- TRY IT: In the listing below, write out exactly each line from the first through the one containing "#8 forklift (791, 0, 1061, 378)".

▼

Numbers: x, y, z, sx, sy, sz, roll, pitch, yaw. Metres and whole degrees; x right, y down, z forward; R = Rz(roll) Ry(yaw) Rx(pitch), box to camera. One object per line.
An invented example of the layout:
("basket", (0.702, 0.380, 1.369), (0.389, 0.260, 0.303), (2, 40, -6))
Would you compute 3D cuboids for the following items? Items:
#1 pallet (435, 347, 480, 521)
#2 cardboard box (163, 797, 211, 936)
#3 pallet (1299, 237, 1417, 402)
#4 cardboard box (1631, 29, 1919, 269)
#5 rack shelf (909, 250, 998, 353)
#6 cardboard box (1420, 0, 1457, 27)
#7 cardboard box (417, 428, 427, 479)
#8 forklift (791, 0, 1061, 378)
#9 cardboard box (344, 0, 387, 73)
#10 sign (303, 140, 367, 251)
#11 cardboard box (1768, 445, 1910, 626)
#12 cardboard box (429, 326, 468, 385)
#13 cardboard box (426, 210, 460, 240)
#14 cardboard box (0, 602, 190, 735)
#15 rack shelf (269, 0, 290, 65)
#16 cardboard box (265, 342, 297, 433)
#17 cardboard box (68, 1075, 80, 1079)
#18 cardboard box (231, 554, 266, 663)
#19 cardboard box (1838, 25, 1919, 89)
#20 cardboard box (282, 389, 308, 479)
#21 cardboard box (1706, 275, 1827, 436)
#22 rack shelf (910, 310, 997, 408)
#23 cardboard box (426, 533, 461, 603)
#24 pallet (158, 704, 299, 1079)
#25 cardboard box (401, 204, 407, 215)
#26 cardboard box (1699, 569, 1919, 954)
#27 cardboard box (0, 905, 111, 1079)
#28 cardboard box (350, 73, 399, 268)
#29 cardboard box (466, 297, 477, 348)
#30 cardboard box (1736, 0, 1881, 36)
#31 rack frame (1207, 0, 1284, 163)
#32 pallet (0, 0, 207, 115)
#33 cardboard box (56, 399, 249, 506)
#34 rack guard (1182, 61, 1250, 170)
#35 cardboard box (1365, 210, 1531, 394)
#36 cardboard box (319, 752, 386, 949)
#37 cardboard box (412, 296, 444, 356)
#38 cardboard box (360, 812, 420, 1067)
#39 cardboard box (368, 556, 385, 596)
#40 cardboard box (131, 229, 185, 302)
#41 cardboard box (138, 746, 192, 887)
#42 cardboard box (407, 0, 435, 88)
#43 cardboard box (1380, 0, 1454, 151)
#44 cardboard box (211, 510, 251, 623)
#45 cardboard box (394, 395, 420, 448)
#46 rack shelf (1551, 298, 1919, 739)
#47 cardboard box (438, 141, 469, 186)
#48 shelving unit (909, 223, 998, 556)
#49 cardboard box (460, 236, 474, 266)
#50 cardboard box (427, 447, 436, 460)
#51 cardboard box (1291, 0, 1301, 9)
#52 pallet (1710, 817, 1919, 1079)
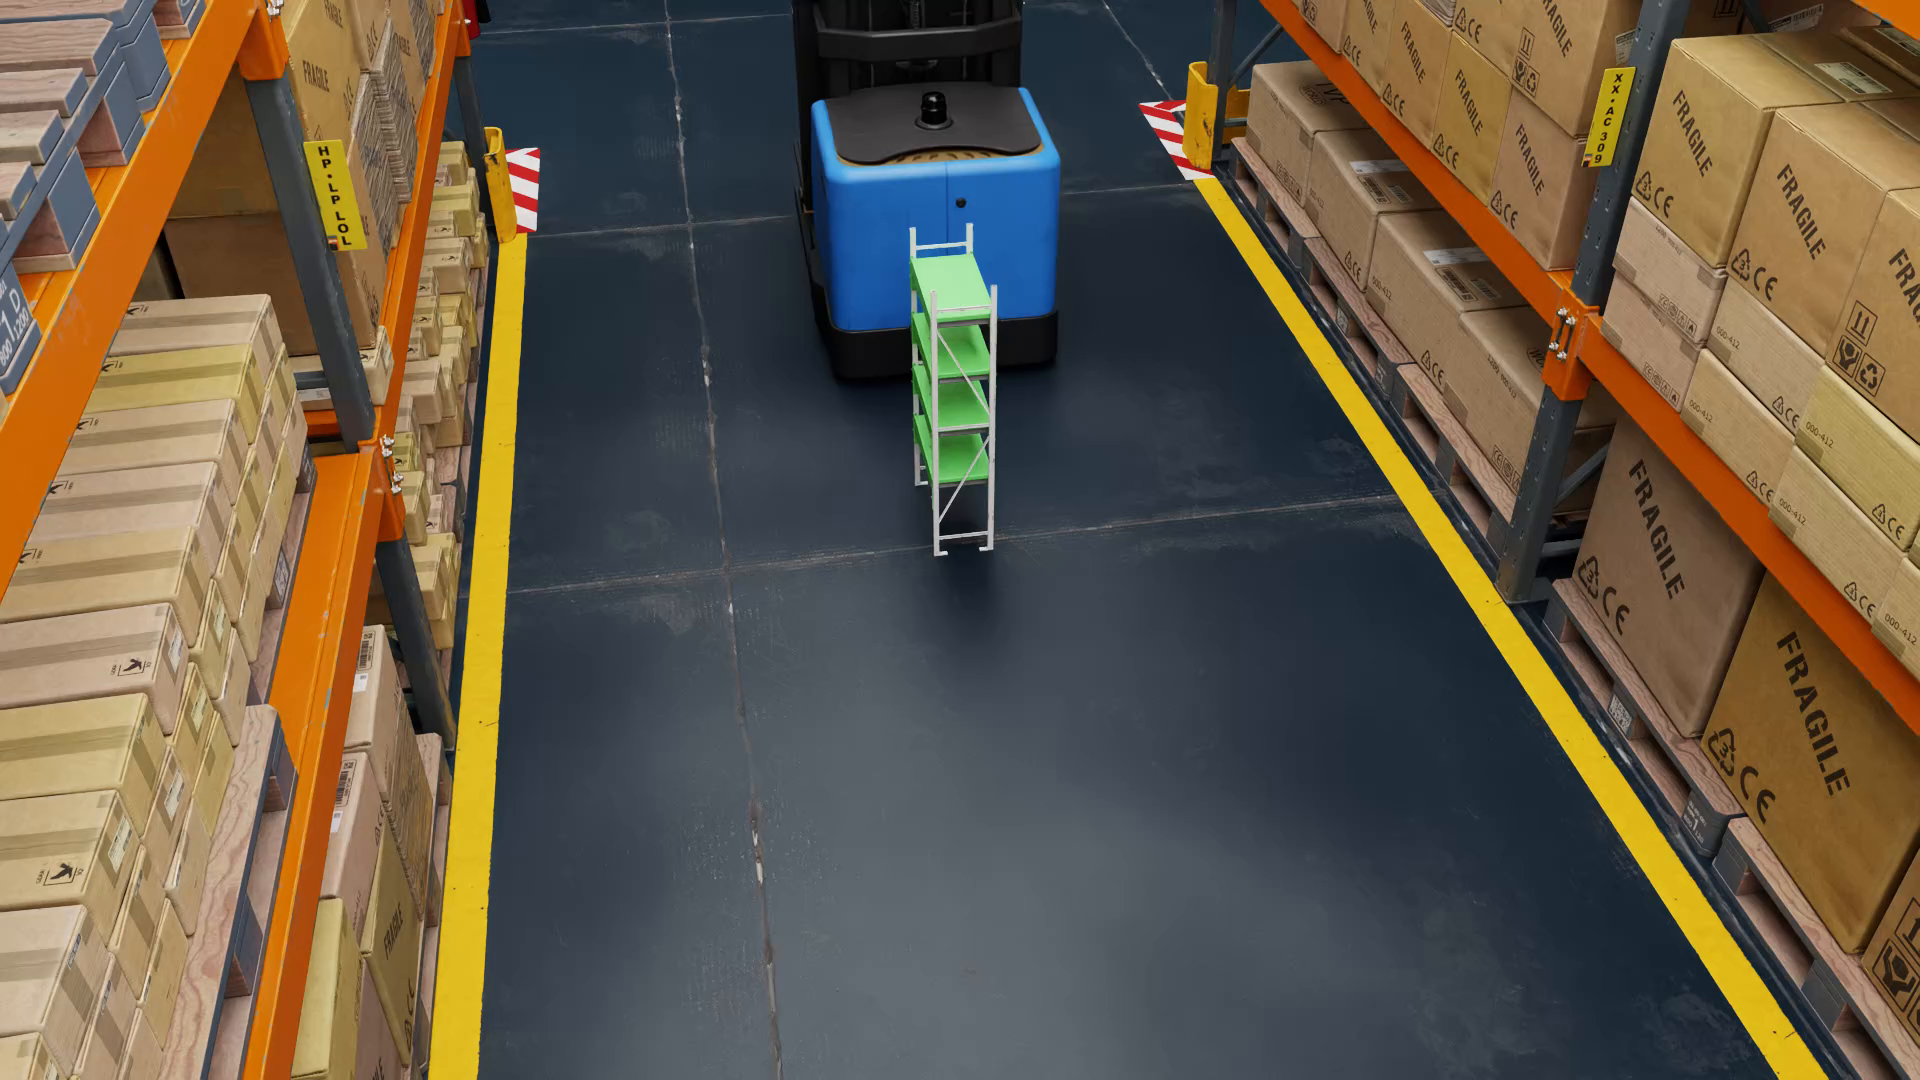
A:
("pallet", (-2.633, -0.465, 7.177), (1.003, 0.211, 1.213), (-6, 38, -8))
("cardboard box", (-1.721, 0.674, 3.301), (0.380, 0.149, 0.250), (-7, 38, -9))
("pallet", (2.319, -1.124, 8.025), (1.003, 0.211, 1.213), (-6, 38, -8))
("cardboard box", (2.386, -1.157, 4.898), (0.500, 0.500, 0.500), (-6, 38, -7))
("rack shelf", (-0.029, -0.902, 6.255), (0.258, 0.148, 0.480), (-6, 38, -8))
("cardboard box", (2.058, -2.323, 6.398), (0.500, 0.500, 0.500), (-6, 38, -7))
("cardboard box", (-2.268, -0.287, 6.413), (0.380, 0.149, 0.250), (-8, 39, -10))
("forklift", (-0.288, -2.798, 7.962), (1.130, 2.935, 3.031), (-6, 38, -7))
("cardboard box", (-2.267, -1.896, 5.606), (0.500, 0.500, 0.500), (-6, 38, -7))
("sign", (-1.718, -0.945, 4.578), (0.100, 0.325, 0.005), (-6, 38, -8))
("cardboard box", (2.576, -0.042, 4.482), (0.500, 0.250, 0.500), (-7, 38, -8))
("cardboard box", (-2.293, -0.766, 7.030), (0.380, 0.149, 0.250), (-6, 38, -7))
("cardboard box", (-2.482, -1.361, 7.553), (0.380, 0.149, 0.250), (-8, 39, -10))
("cardboard box", (-1.773, 0.281, 3.321), (0.380, 0.149, 0.250), (-8, 39, -10))
("rack shelf", (-2.614, -2.534, 5.709), (1.077, 0.370, 4.000), (-6, 38, -8))
("cardboard box", (-1.999, -0.391, 4.428), (0.380, 0.149, 0.250), (-5, 38, -7))
("cardboard box", (-1.594, 1.016, 2.618), (0.380, 0.149, 0.250), (-6, 38, -8))
("cardboard box", (-1.868, 0.185, 3.929), (0.380, 0.149, 0.250), (-8, 39, -10))
("cardboard box", (2.918, -1.211, 4.967), (0.500, 0.500, 0.500), (-5, 38, -6))
("cardboard box", (-1.999, -0.274, 4.520), (0.380, 0.149, 0.250), (-7, 38, -9))
("cardboard box", (2.511, -0.550, 4.727), (0.500, 0.250, 0.500), (-6, 38, -7))
("rack shelf", (-0.029, -0.713, 6.403), (0.258, 0.148, 0.480), (-6, 38, -8))
("cardboard box", (-2.058, 0.119, 6.134), (0.380, 0.149, 0.250), (-5, 38, -7))
("pallet", (-1.950, 0.875, 3.336), (1.003, 0.211, 1.213), (-6, 38, -8))
("cardboard box", (-2.270, -1.323, 6.213), (0.380, 0.149, 0.250), (-5, 38, -6))
("cardboard box", (2.946, 0.564, 4.968), (0.875, 0.875, 0.875), (-5, 38, -7))
("cardboard box", (-1.636, 0.755, 2.711), (0.380, 0.149, 0.250), (-5, 38, -6))
("cardboard box", (-2.196, -1.207, 5.535), (0.500, 0.500, 0.500), (-6, 38, -8))
("cardboard box", (-2.398, -0.978, 7.546), (0.380, 0.149, 0.250), (-8, 39, -10))
("cardboard box", (2.747, -1.767, 5.684), (0.500, 0.500, 0.500), (-6, 38, -8))
("rack frame", (1.891, -3.435, 8.727), (1.000, 3.000, 0.127), (-6, 38, -8))
("pallet", (-2.260, -1.152, 3.496), (1.213, 0.211, 1.003), (-6, 38, -8))
("cardboard box", (-1.910, -0.188, 3.924), (0.380, 0.149, 0.250), (-7, 38, -9))
("rack guard", (1.887, -2.463, 9.513), (1.175, 0.500, 0.348), (-6, 38, -8))
("cardboard box", (2.430, -1.105, 7.473), (0.875, 0.438, 0.875), (-7, 38, -9))
("cardboard box", (-1.807, 0.834, 4.316), (0.500, 0.250, 0.500), (-5, 38, -6))
("cardboard box", (-2.369, -0.878, 6.932), (0.380, 0.149, 0.250), (-6, 38, -8))
("cardboard box", (-1.796, 1.125, 4.552), (0.500, 0.500, 0.500), (-7, 38, -9))
("cardboard box", (-2.120, 0.069, 5.713), (0.380, 0.149, 0.250), (-5, 38, -6))
("cardboard box", (-2.627, -0.845, 5.068), (0.500, 0.500, 0.500), (-6, 38, -8))
("cardboard box", (-1.728, 0.552, 3.214), (0.380, 0.149, 0.250), (-5, 38, -6))
("cardboard box", (-2.449, -2.138, 6.734), (0.500, 0.500, 0.500), (-6, 38, -8))
("cardboard box", (2.061, -1.924, 6.700), (0.500, 0.500, 0.500), (-7, 38, -9))
("cardboard box", (-1.859, 0.083, 3.818), (0.380, 0.149, 0.250), (-7, 38, -9))
("cardboard box", (-2.271, -0.407, 6.325), (0.380, 0.149, 0.250), (-7, 38, -9))
("rack shelf", (2.943, 0.473, 4.283), (1.077, 0.370, 4.000), (-6, 38, -8))
("cardboard box", (-2.623, -1.824, 8.150), (0.380, 0.149, 0.250), (-6, 38, -7))
("shelving unit", (-0.029, -0.574, 6.511), (0.258, 1.200, 0.503), (-6, 38, -8))
("cardboard box", (-2.498, -1.398, 7.843), (0.380, 0.149, 0.250), (-8, 39, -10))
("cardboard box", (-2.328, -0.332, 6.714), (0.380, 0.149, 0.250), (-8, 39, -10))
("cardboard box", (1.808, -2.852, 7.894), (0.500, 0.500, 0.500), (-7, 38, -9))
("pallet", (3.019, 1.278, 4.933), (1.003, 0.211, 1.213), (-6, 38, -8))

▲

- TASK ANSWER:
Numbers: x, y, z, sx, sy, sz, roll, pitch, yaw. Metres and whole degrees; x right, y down, z forward; R = Rz(roll) Ry(yaw) Rx(pitch), box to camera. One object per line.
An invented example of the layout:
("basket", (0.702, 0.380, 1.369), (0.389, 0.260, 0.303), (2, 40, -6))
Would you compute 3D cuboids for the following items? Items:
#1 pallet (435, 347, 480, 521)
#2 cardboard box (163, 797, 211, 936)
#3 pallet (1299, 237, 1417, 402)
#4 cardboard box (1631, 29, 1919, 269)
#5 rack shelf (909, 250, 998, 353)
#6 cardboard box (1420, 0, 1457, 27)
#7 cardboard box (417, 428, 427, 479)
#8 forklift (791, 0, 1061, 378)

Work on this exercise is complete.